027 13 Rooms – Curated By Klaus Biesenbach and Hans ULRICH Obrist
In 2013 Klaus Biesenbach and Hans Ulrich Obrist curated a show incorporating the installation of 13 self-contained rooms within a huge warehouse space, which they gave over to 13 artists to create a performance within. A who’s who of big-hitting contemporary artists and some newer names. The audience moved from room-to-room encountering a very different artistic response in each space. Almost a platform or host for installation, performance and participation public art.
Floor Plan of the 13 Rooms One of the rooms under construction Photos from some of the performances.
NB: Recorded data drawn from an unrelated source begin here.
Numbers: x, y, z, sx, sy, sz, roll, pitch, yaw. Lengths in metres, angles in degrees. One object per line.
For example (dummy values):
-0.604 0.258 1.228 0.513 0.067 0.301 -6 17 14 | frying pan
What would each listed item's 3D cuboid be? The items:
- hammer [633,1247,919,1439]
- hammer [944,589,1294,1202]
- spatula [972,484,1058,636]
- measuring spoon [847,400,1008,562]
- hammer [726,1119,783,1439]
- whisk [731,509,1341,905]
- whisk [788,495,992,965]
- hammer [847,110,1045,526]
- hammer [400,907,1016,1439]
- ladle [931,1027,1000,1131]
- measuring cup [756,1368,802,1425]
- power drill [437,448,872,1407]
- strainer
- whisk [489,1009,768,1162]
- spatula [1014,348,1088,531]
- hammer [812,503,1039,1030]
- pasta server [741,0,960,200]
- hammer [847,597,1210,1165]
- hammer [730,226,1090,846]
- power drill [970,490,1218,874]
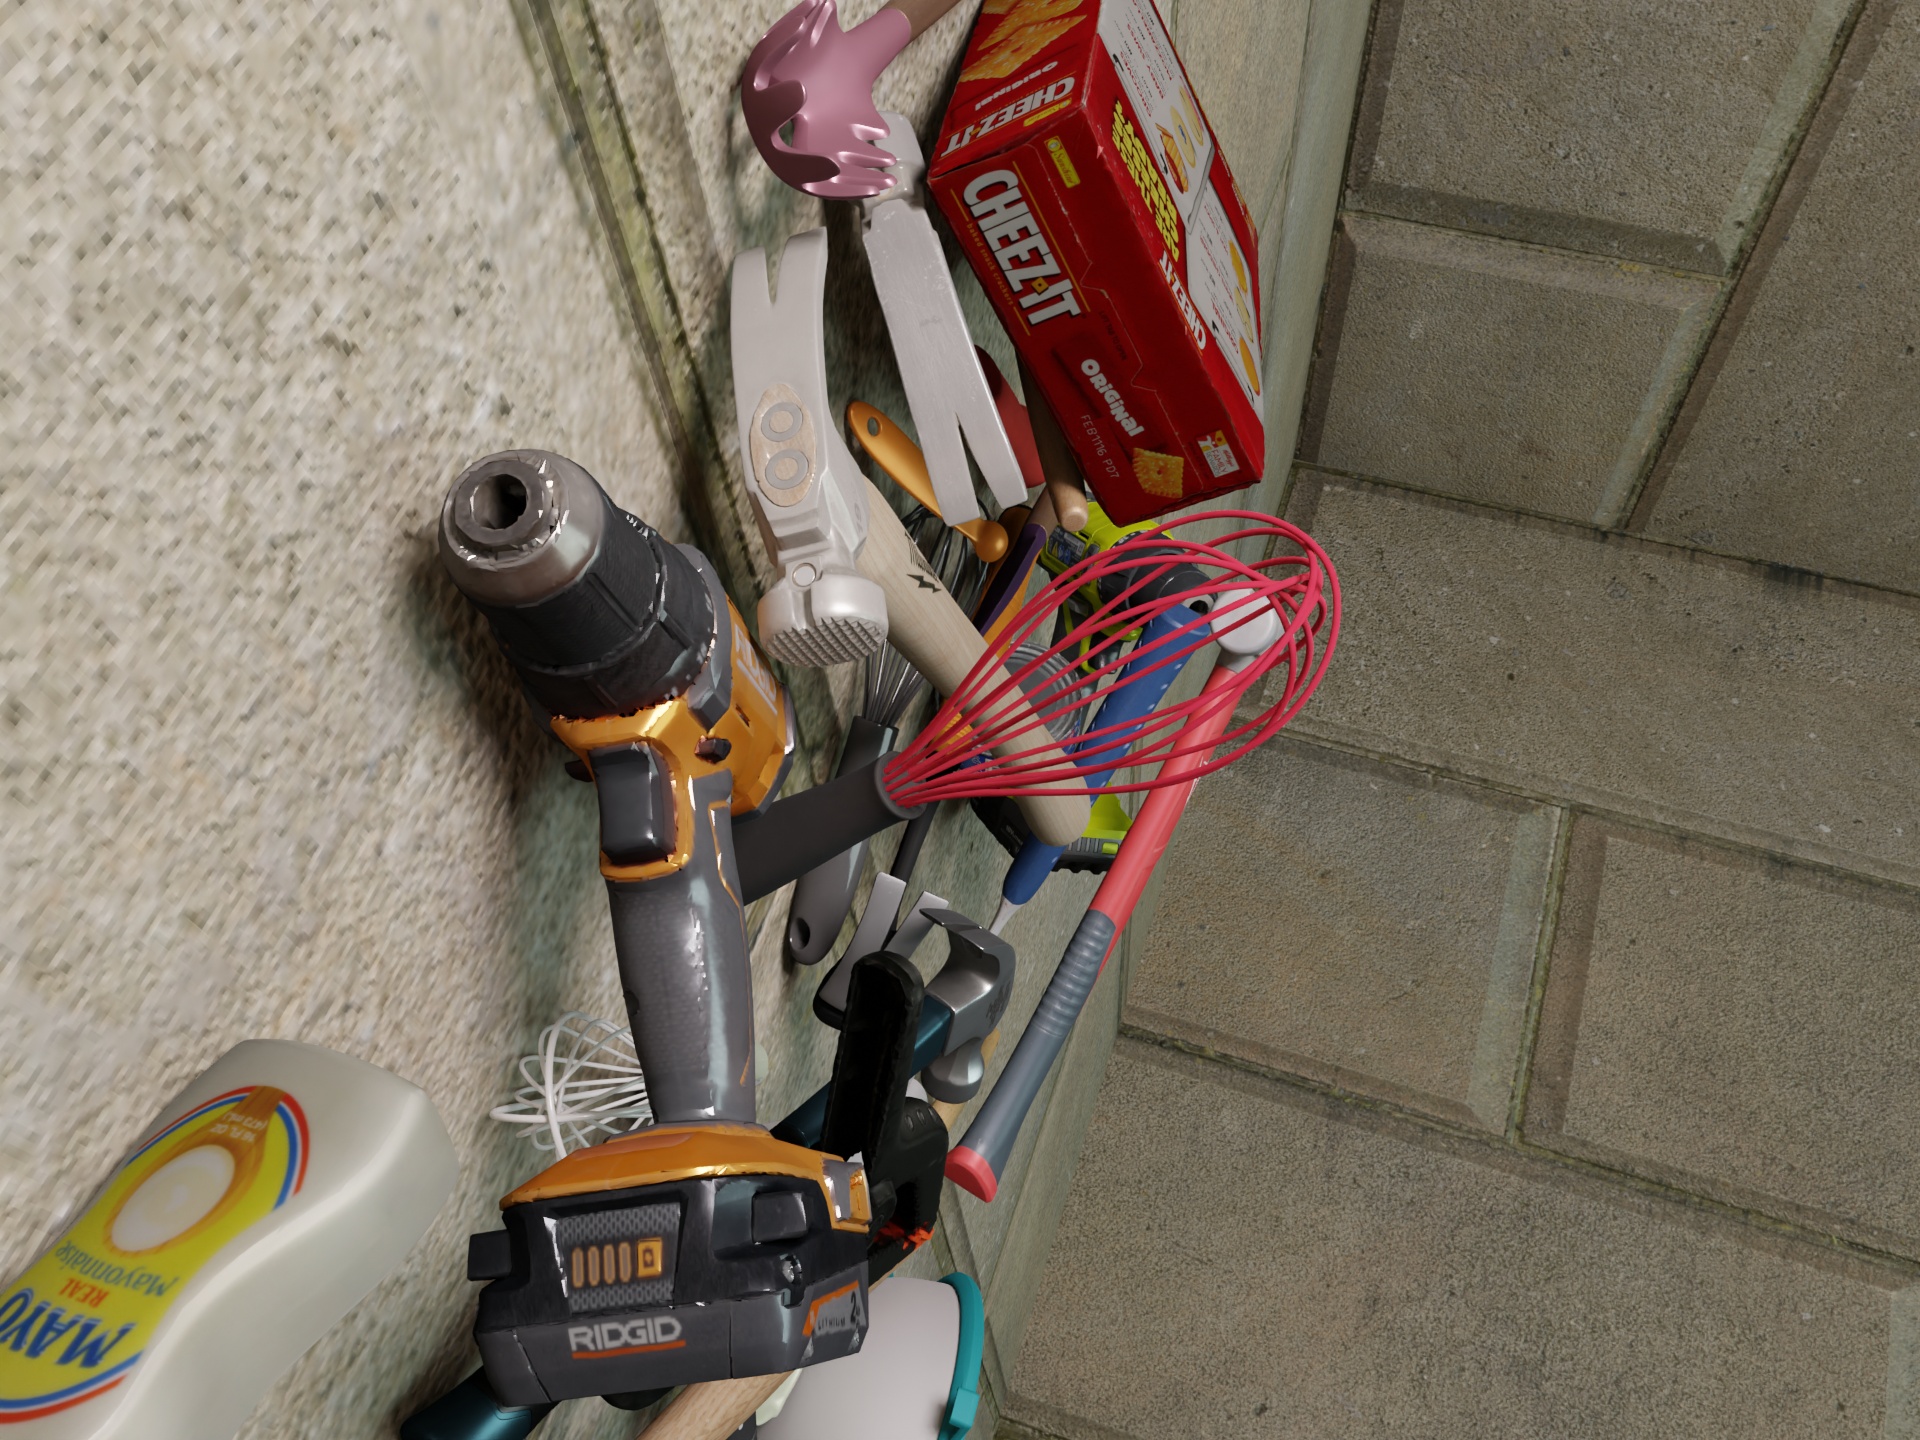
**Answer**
-0.102 0.267 0.606 0.331 0.031 0.130 -24 144 -60 | hammer
0.095 0.107 0.950 0.386 0.038 0.143 -63 162 2 | hammer
0.045 -0.110 0.878 0.059 0.018 0.316 -55 -177 33 | spatula
-0.011 -0.104 0.699 0.116 0.011 0.021 39 62 -44 | measuring spoon
-0.103 0.339 0.738 0.146 0.035 0.334 -37 135 -53 | hammer
-0.005 0.013 0.506 0.073 0.296 0.073 26 52 -38 | whisk
-0.037 0.004 0.756 0.055 0.055 0.239 7 101 -77 | whisk
0.014 -0.140 0.728 0.359 0.036 0.149 6 66 -81 | hammer
-0.076 0.177 0.621 0.331 0.033 0.128 -33 145 -49 | hammer
-0.021 0.254 0.951 0.069 0.031 0.315 -67 171 20 | ladle
-0.125 0.327 0.776 0.167 0.038 0.083 -29 131 -60 | measuring cup
-0.083 0.054 0.419 0.185 0.084 0.226 70 12 -70 | power drill
-0.077 0.386 0.947 0.211 0.095 0.340 -64 -172 6 | strainer
-0.110 0.136 0.596 0.246 0.058 0.059 53 24 -79 | whisk
0.041 -0.192 0.733 0.082 0.044 0.318 96 -9 -46 | spatula
-0.001 -0.003 0.845 0.127 0.034 0.337 119 -8 -50 | hammer
-0.010 -0.266 0.588 0.060 0.040 0.316 64 33 -29 | pasta server
0.026 0.111 0.917 0.405 0.035 0.144 -61 171 20 | hammer
-0.001 -0.032 0.666 0.410 0.038 0.146 50 30 -66 | hammer
0.086 -0.021 1.018 0.191 0.080 0.228 -133 -127 -61 | power drill

Top right Clark Beaumont: Co-Existing
029 Tino Sehgal – This is so contemporary, 2014
At the Making Public Art exhibition, I was utterly underwhelmed to the representation of Tino Sehgal’s project – in place of an archive box, populated with documentation there was just a square marked on the floor.

Reading up about his artistic practice later, I have discovered that he forbids all documentation of his work – hence the square! In an age where it can feel like everything is relentlessly documented, I can understand the appeal of this, for both artist and audience.B He describes his work as ‘constructing situations’ it sounds fascinating and highly participative.
030 Marina Abramović – In Residence, 2015
Members of the public were initiated through a series of exercises and experiences, artists participated in a residency programme with Abramović makking new performance work in and around the city of Sydney.
031 Xavier Le Roy – Temporary Title, 2015
A new performance made by Xavier Le Roy in Australia working with local artists, performed entirely naked. A series of open rehearsals was held, which were open to the public.